0x10 https://www.w3.org/ns/activitystreams ActivityStreams 2.0
0x11 https://www.w3.org/2018/credentials/v1 Verifiable Credentials Data Model v1
0x12 https://www.w3.org/ns/did/v1 Decentralized Identifiers (DID) Core Spec v1
0x13 https://w3id.org/security/suites/ed25519-2018/v1 Ed25519Signature2018 Suite
0x14 https://w3id.org/security/suites/ed25519-2020/v1 Ed25519Signature2020 Suite
0x15 https://w3id.org/cit/v1 Concealed Id Token
0x16 https://w3id.org/age/v1 Age Verification
0x17 https://w3id.org/security/suites/x25519-2020/v1 X25519KeyAgreementKey2020 Suite
0x18 https://w3id.org/veres-one/v1 Veres One DID Method
0x19 https://w3id.org/webkms/v1 WebKMS (Key Management System)
0x1A https://w3id.org/zcap/v1 Authorization Capabilities (zCap)

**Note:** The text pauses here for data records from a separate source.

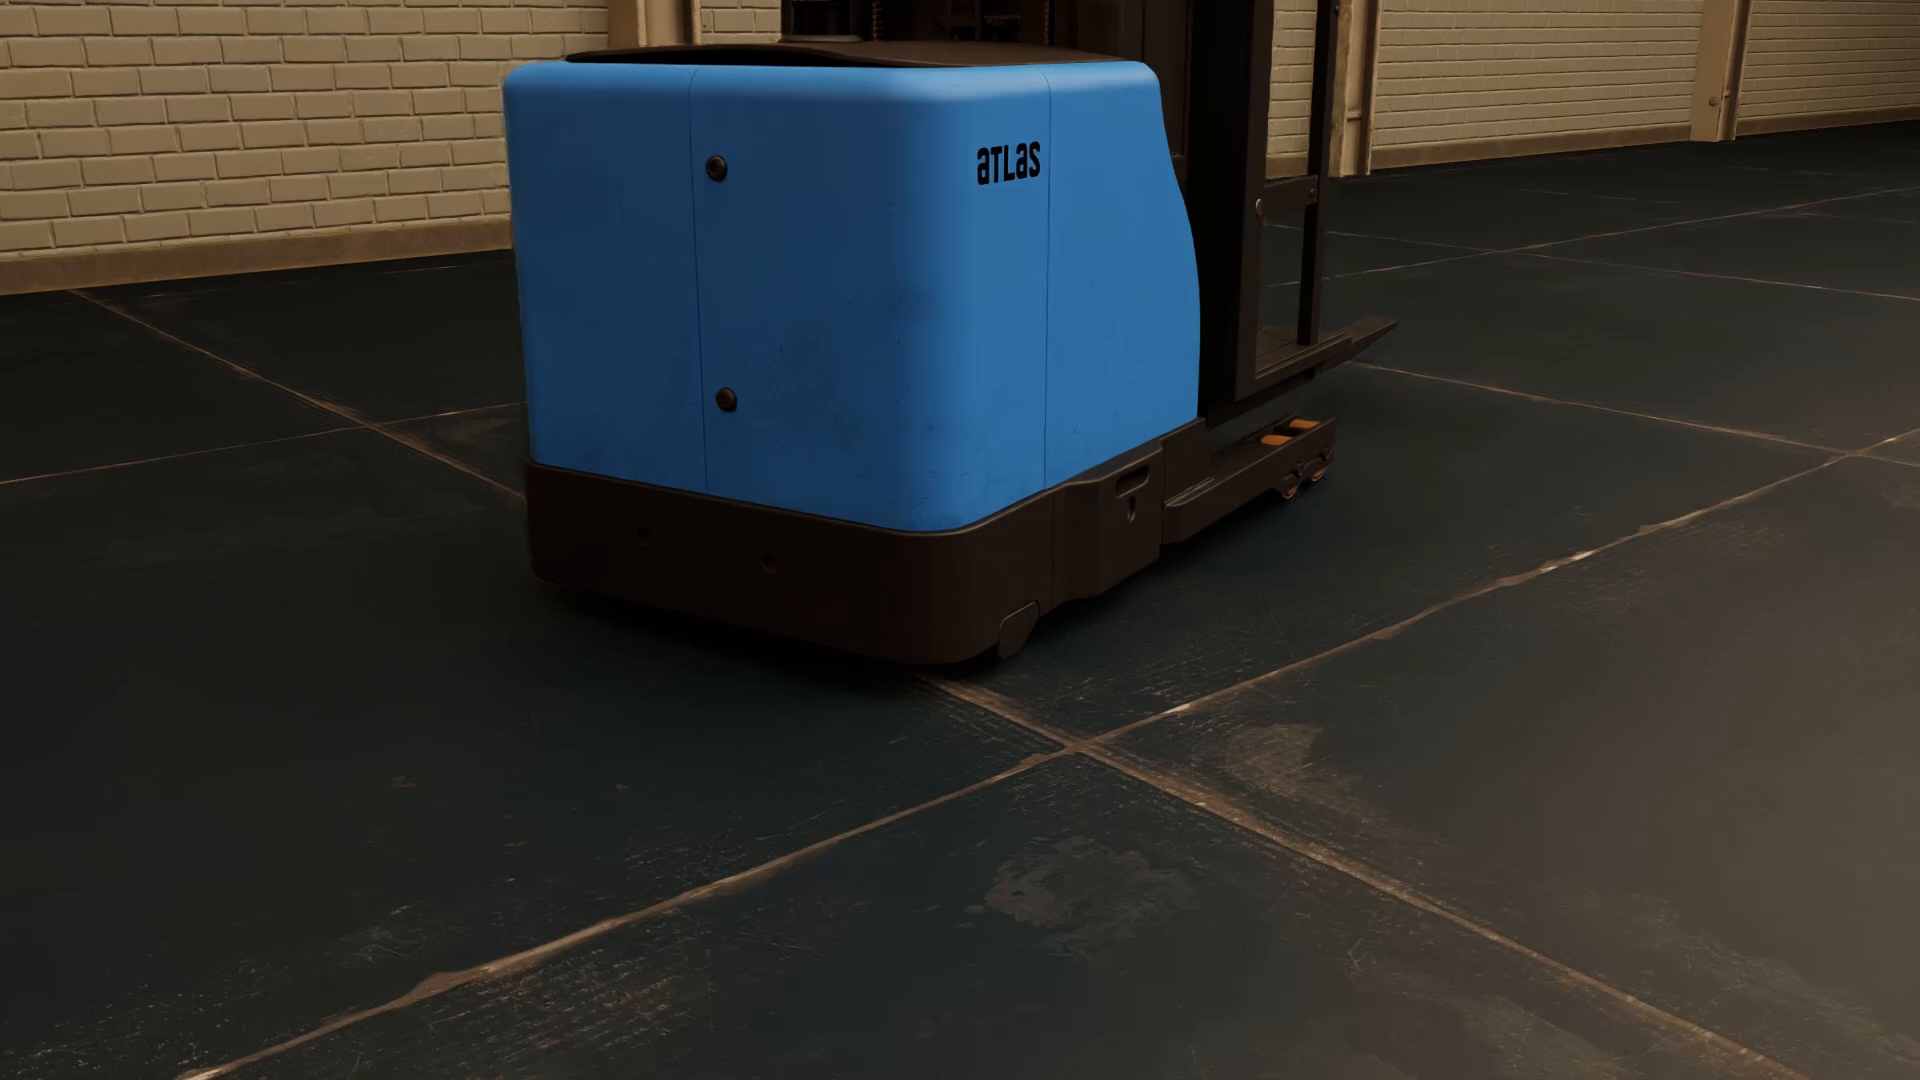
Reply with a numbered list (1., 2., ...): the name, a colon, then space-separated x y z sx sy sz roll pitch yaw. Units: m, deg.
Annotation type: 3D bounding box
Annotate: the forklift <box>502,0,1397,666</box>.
1. forklift: 0.326 -1.565 3.941 1.130 2.935 3.031 10 20 30
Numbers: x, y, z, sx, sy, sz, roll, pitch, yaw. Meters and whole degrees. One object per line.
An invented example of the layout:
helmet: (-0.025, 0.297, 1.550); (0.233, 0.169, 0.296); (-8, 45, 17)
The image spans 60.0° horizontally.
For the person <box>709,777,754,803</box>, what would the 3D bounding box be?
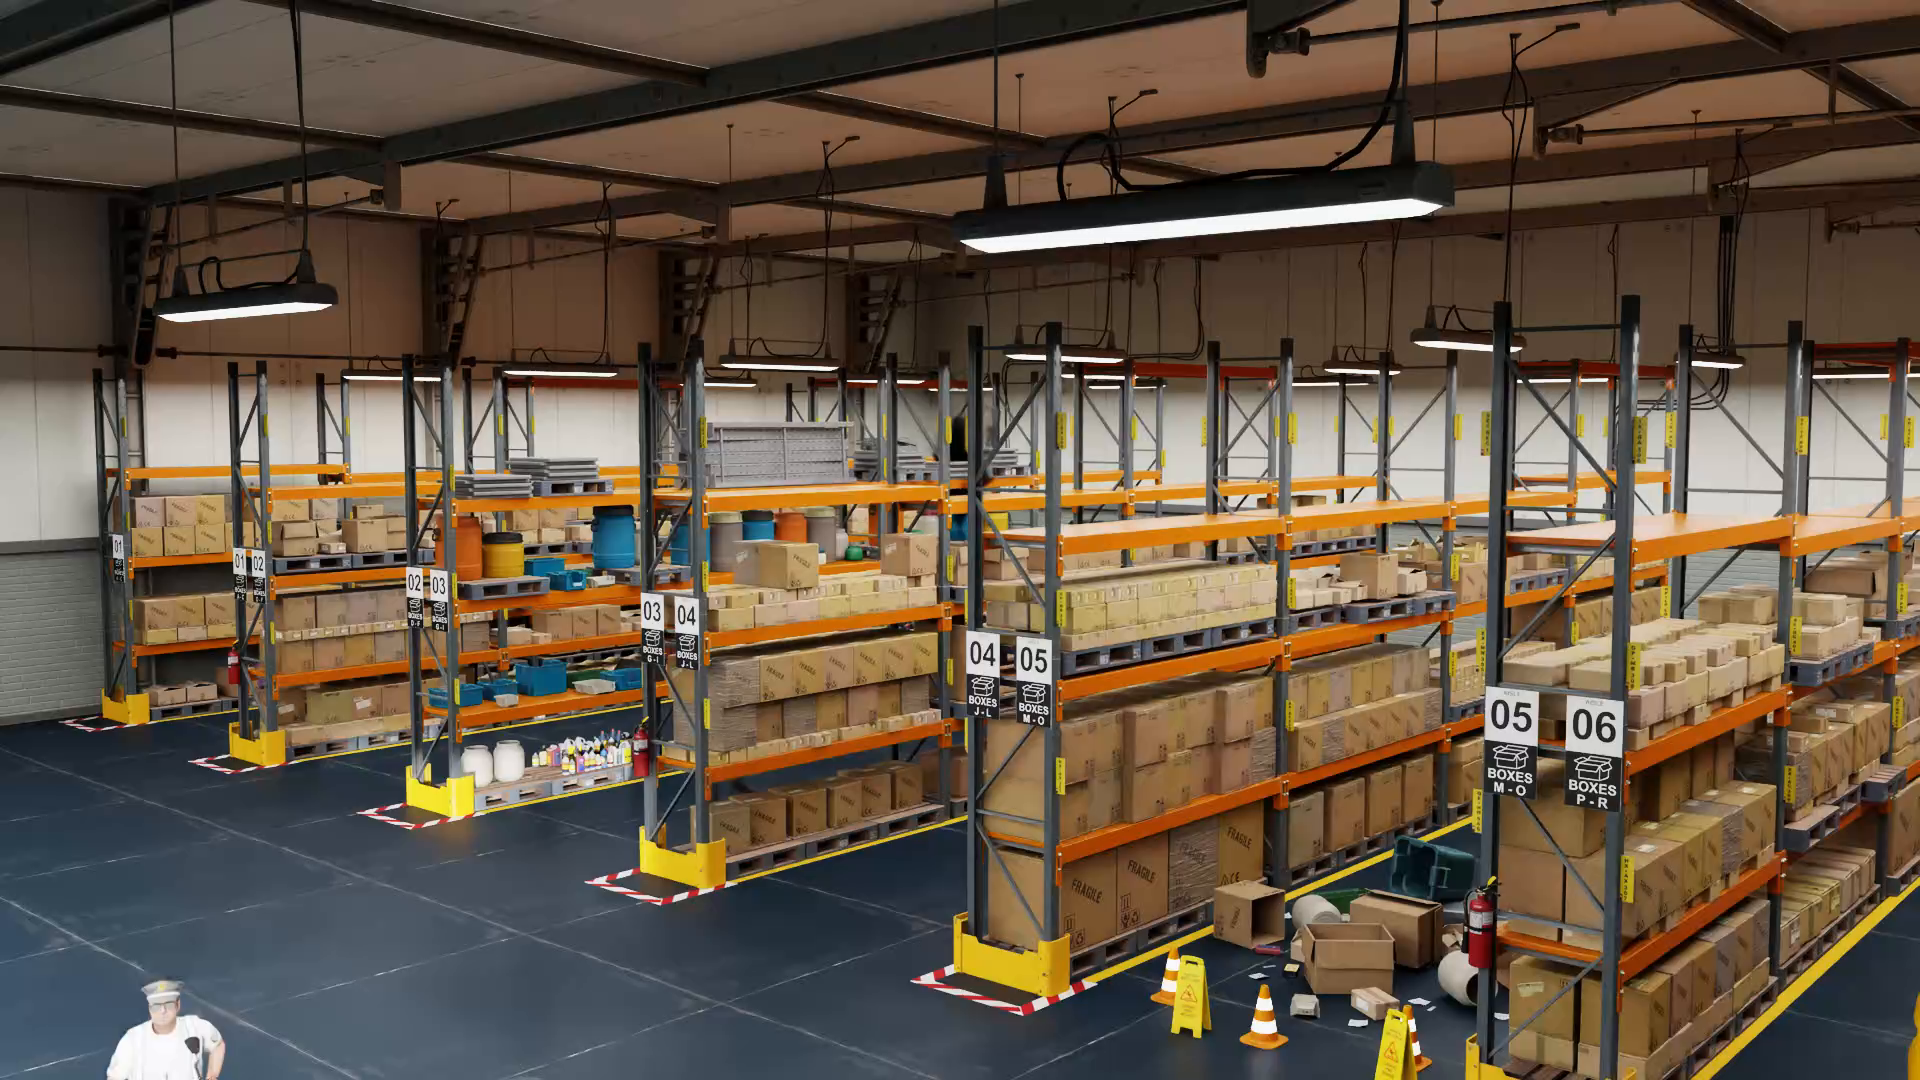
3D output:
person: (-2.976, 2.761, 21.165); (0.576, 1.646, 0.939); (4, 6, 41)

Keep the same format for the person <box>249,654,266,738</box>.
person: (-11.205, 2.361, 26.939); (0.540, 1.581, 0.872); (3, 5, 33)

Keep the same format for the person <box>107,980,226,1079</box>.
person: (-4.815, 3.531, 10.116); (0.664, 1.780, 0.954); (-2, 5, -25)
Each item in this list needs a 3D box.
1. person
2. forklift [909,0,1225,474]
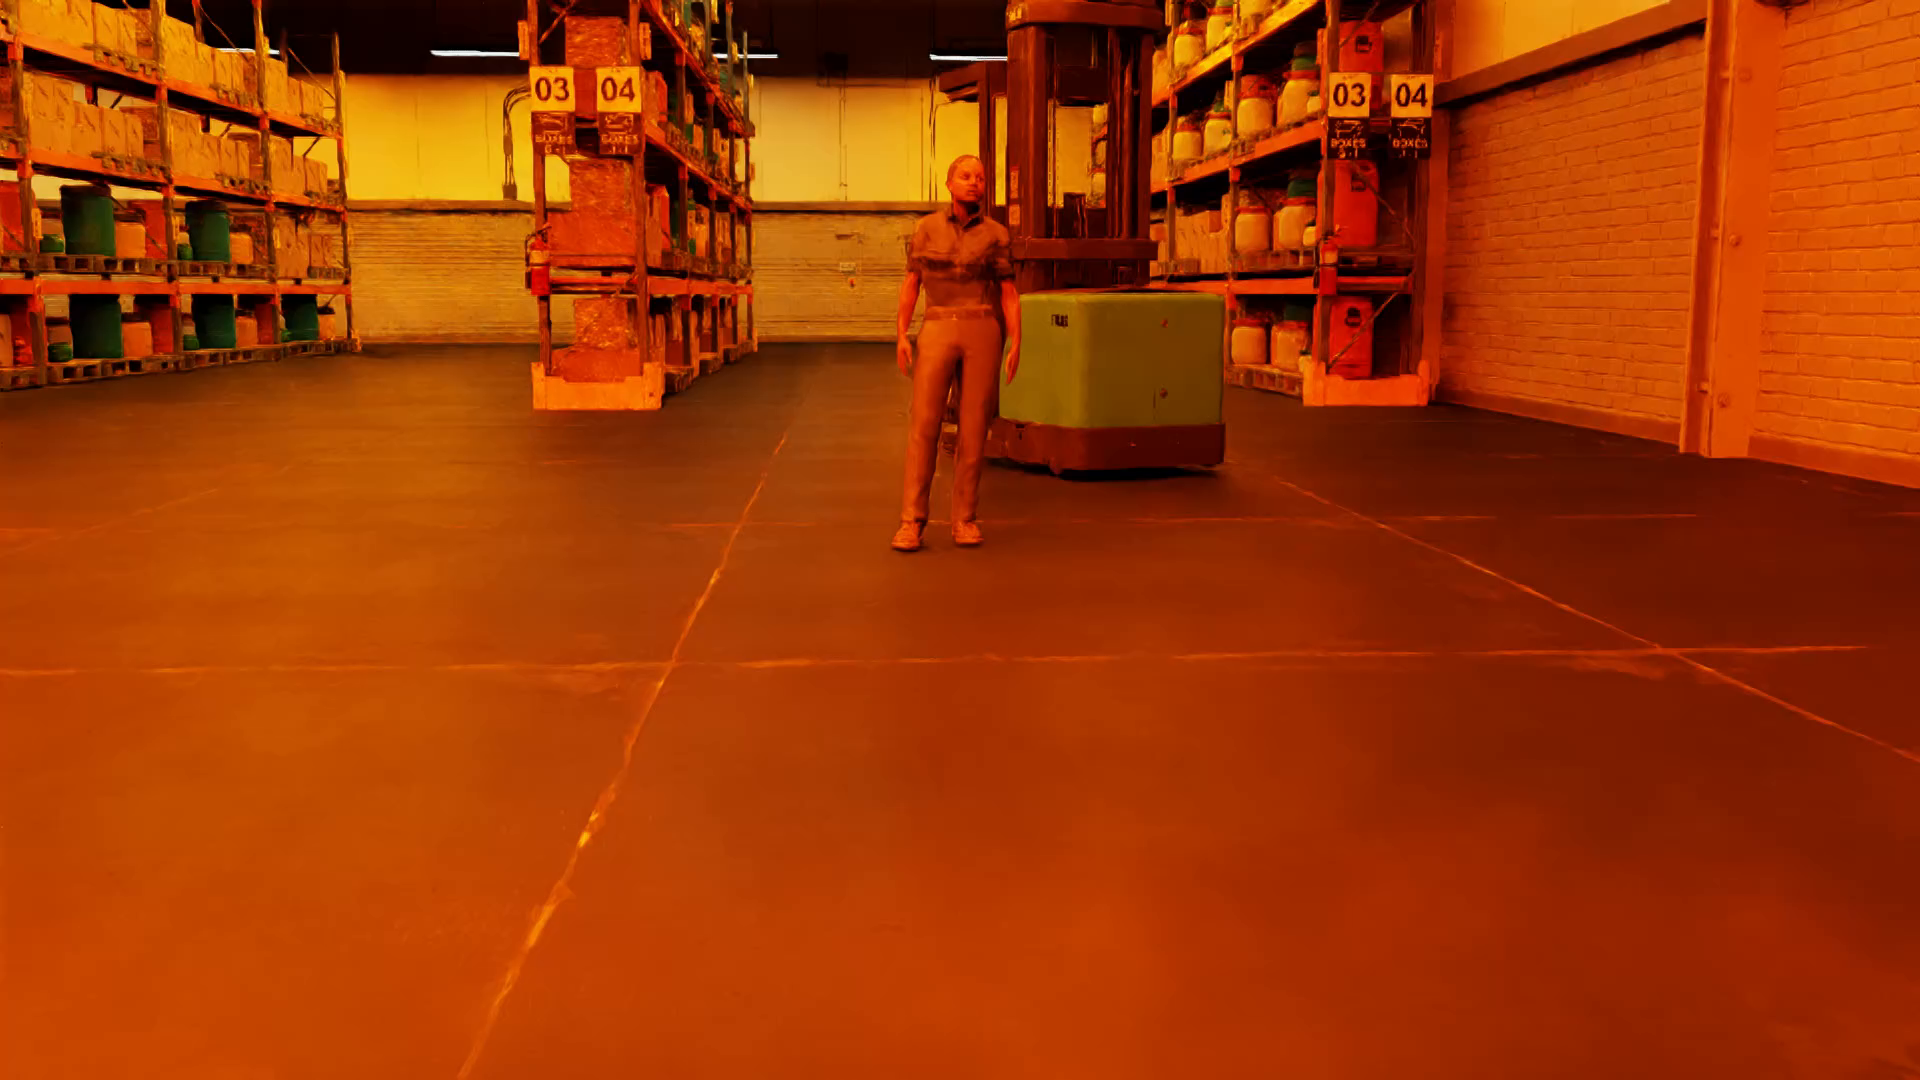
[{"bbox_3d":[-0.014,-0.812,7.100,0.570,1.654,0.503,-1,8,-4],"label":"person"},{"bbox_3d":[0.530,-2.010,10.871,1.130,2.935,3.031,-4,9,-23],"label":"forklift"}]
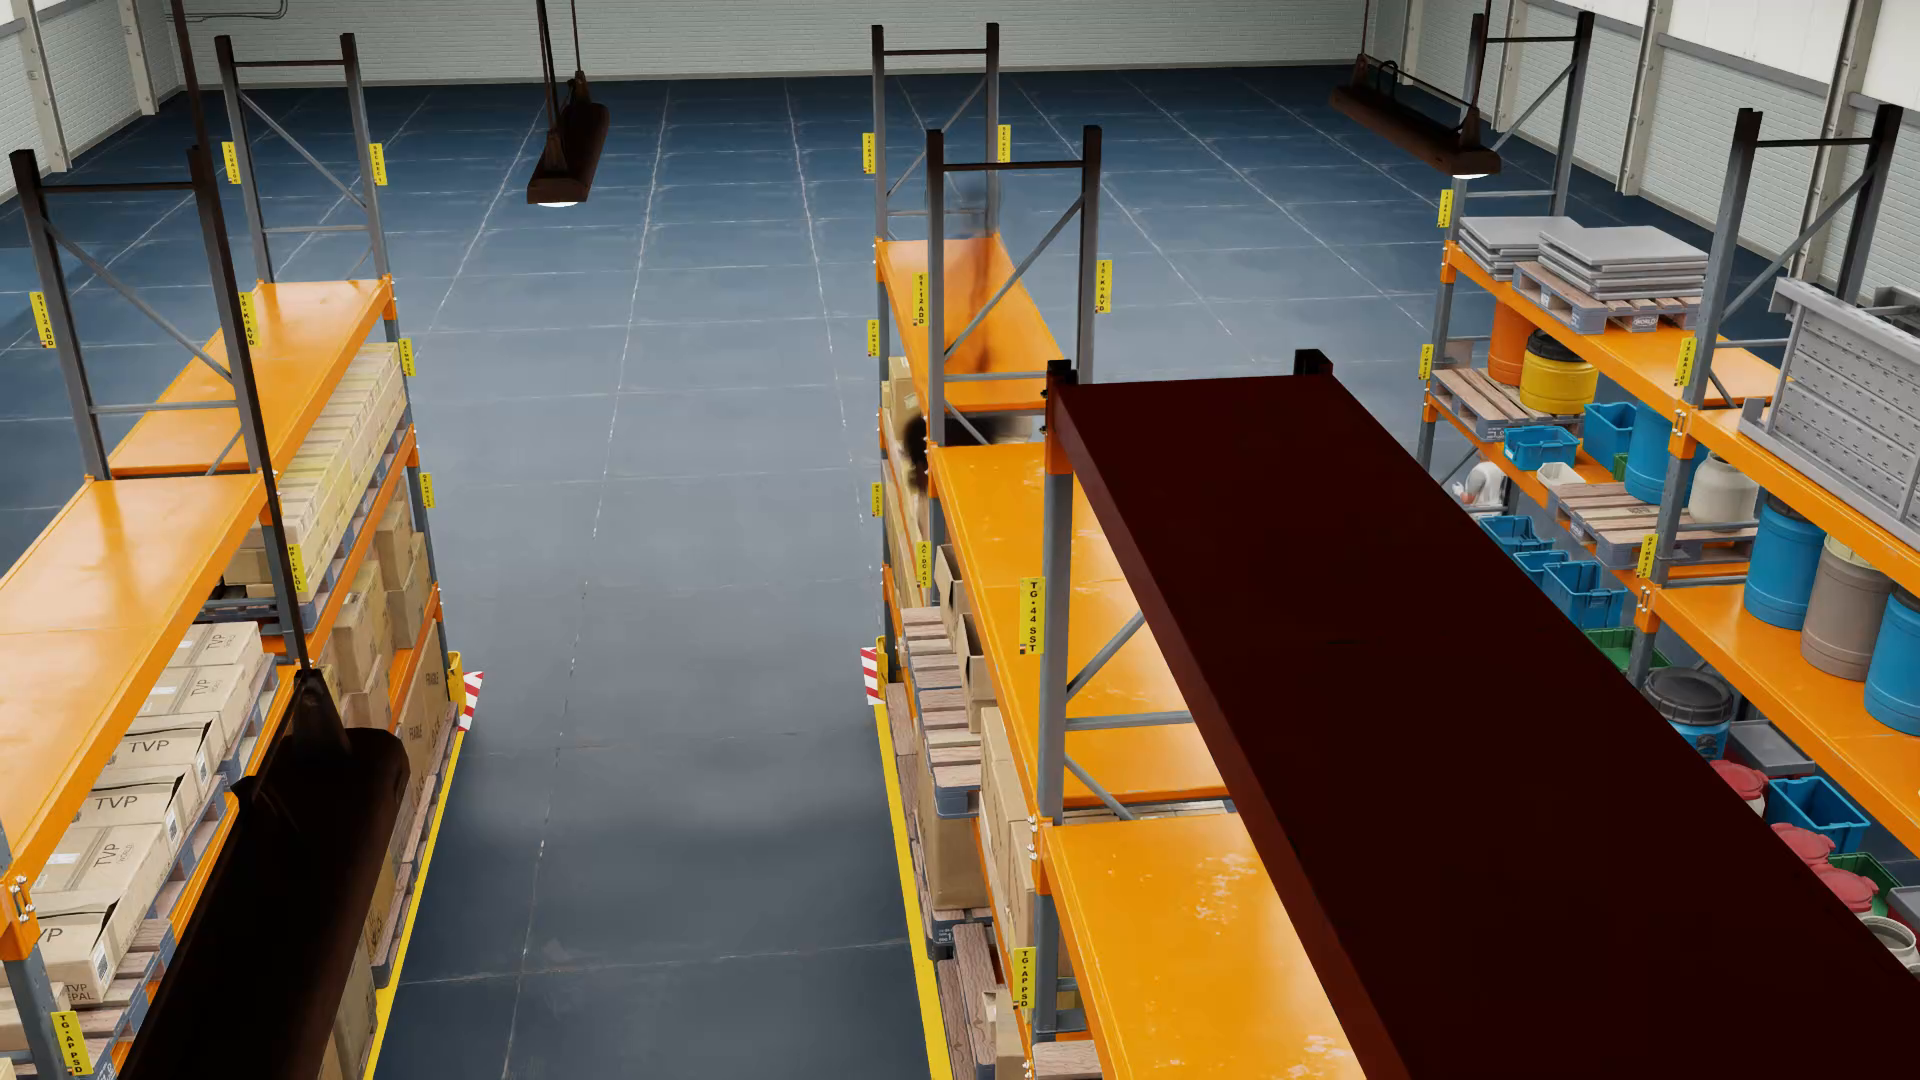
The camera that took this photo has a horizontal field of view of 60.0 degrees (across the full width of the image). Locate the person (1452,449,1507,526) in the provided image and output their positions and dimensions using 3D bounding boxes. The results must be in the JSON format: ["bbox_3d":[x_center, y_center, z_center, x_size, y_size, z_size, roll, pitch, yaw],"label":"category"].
[{"bbox_3d":[5.339,-0.225,16.983,0.713,1.829,0.666,23,34,39],"label":"person"}]

0x1B https://w3id.org/security/suites/hmac-2019/v1 Sha256HmacKey2019 Crypto Suite
0x1C https://w3id.org/security/suites/aes-2019/v1 AesKeyWrappingKey2019 Crypto Suite
0x1D https://w3id.org/vaccination/v1 Vaccination Certificate Vocabulary v0.1
0x1E https://w3id.org/vc-revocation-list-2020/v1 Verifiable Credentials Revocation List 2020
0x1F https://w3id.org/dcc/v1 DCC (Decentralized Credentials Consortium) Core Context
0x20 https://w3id.org/vc/status-list/v1 Verifiable Credentials Status List
0x21 https://www.w3.org/ns/credentials/v2 Verifiable Credentials Data Model v2
0x22 - 0x2F Available for use.
0x30 https://w3id.org/security/data-integrity/v1 Data Integrity v1.0
0x31 https://w3id.org/security/multikey/v1 Multikey v1.0
0x32 Reserved for future use.
0x33 https://w3id.org/security/data-integrity/v2 Data Integrity v2.0
0x34 - 0x36 RESERVED Reserved for future use.